Once imagery is downloaded, we can then process. There are two scenarios:
- Run a specified model over historical data, or
- Run a specified model over newly received data
Finally, images can be deleted once no longer required.
This is initiated by manually looking for public sources of data, as we are focused on a publicly available and reusable solution. If you are using your own data, this step is simply to determine what data you have and where it is stored - assuming you will follow this workflow and upload your data to google cloud to be processed.

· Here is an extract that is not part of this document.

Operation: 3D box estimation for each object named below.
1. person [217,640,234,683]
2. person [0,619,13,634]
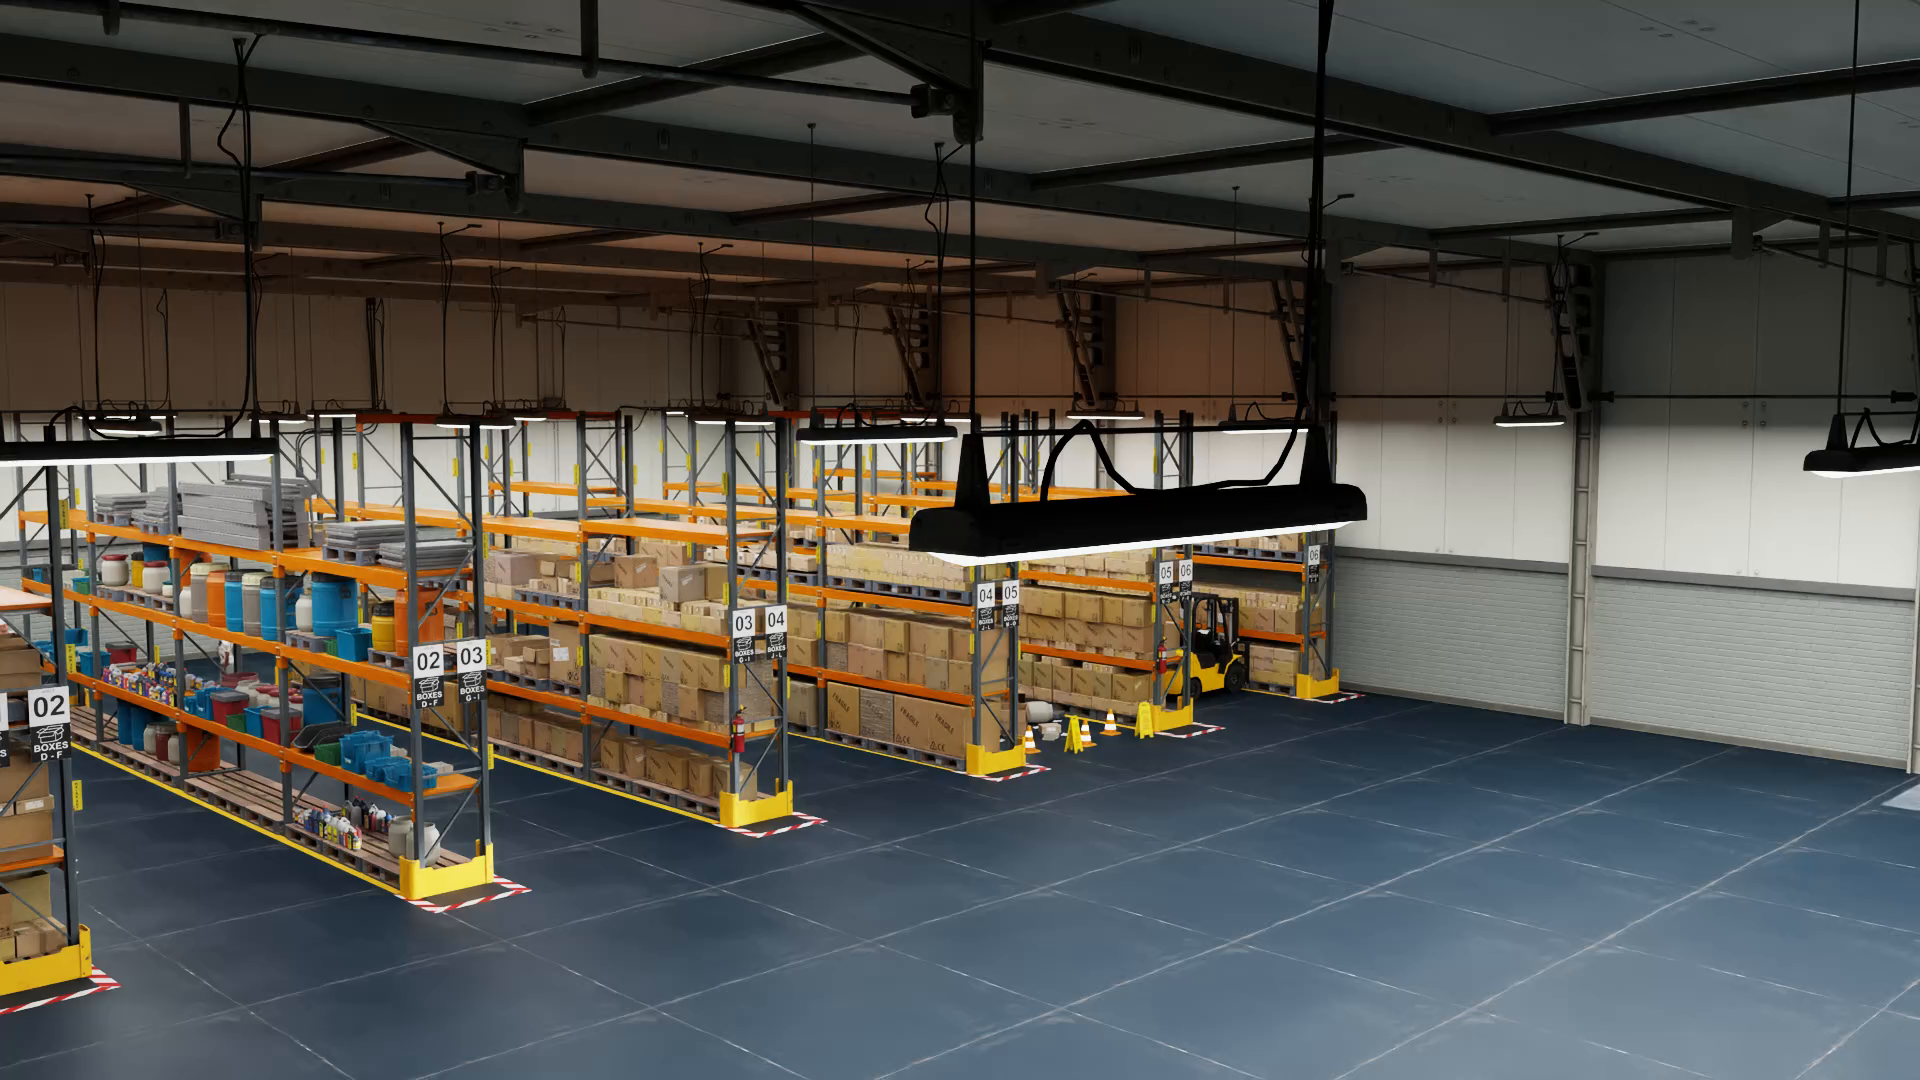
[{"bbox_3d":[-14.928,2.546,34.007,0.717,1.657,0.502,-2,6,-26],"label":"person"},{"bbox_3d":[-19.700,2.475,34.273,0.495,1.728,1.136,-1,5,-13],"label":"person"}]

The result of this phase is a JSON file per camera provider
(e.g. Transport for London (TfL), North East Travel Information),
which is stored in a sources
bucket. For instance, TfL cameras
sources would be stored in TfL-images.json
, which is a list
of image URLs.
Note that the sources
bucket is actually named sources-<projectname>
so it has a globally unique bucket name as required by Google - and
this will also include the name of the related GitHub branch as
a postfix (see the section on
Creating Google Cloud Platfom (GCP) Infrastructure).
Given suppliers of publicly available cameras often provide API
endpoints on the web, we have a cloud function that calls these
once a day to update the list of camera images we should
download. This is the update_sources
cloud function,
which generates a JSON file describing each available camera
and its image URL where it can be downloaded.
Google Cloud Scheduler is used, with a trigger set for 3am every day.
This in turn is registered with Google PubSub, and a topic is
associated with this (scheduled-daily-3am
). This topic is
then subscribed to as a trigger by update_surces
and start_vm
, so the two functions
are called daily at 3am.
Other suppliers may not provide such an endpoint, in which case this function is not needed.
Simply put, the cloud functions are triggered to run at regular
intervals and request each image listed in the JSON files
stored in the sources
bucket. Each image is stored in
the data
bucket, using the naming convention
<camera supplier>/<date as YYYYMMDD>/<time HHMM>/<camera ID>.<format>
.
- "Camera supplier" is the name of the JSON file (without the
.json
extension) - Date and time are when the request was triggered - not when the
image was actually captured
- Hence the date/time may be up to 10 minutes out
- However, this ensures a consistent, simplified folder structure
- Actual capture date/time may be stored in JPEG metadata, depending on supplier
- Camera ID is the base name of the source image file - which we assume is a unique ID for that supplier's camera
- File extension is as originally provided - it may be JPEG, or it something else; for instance, TfL offer both JPEG and MP4.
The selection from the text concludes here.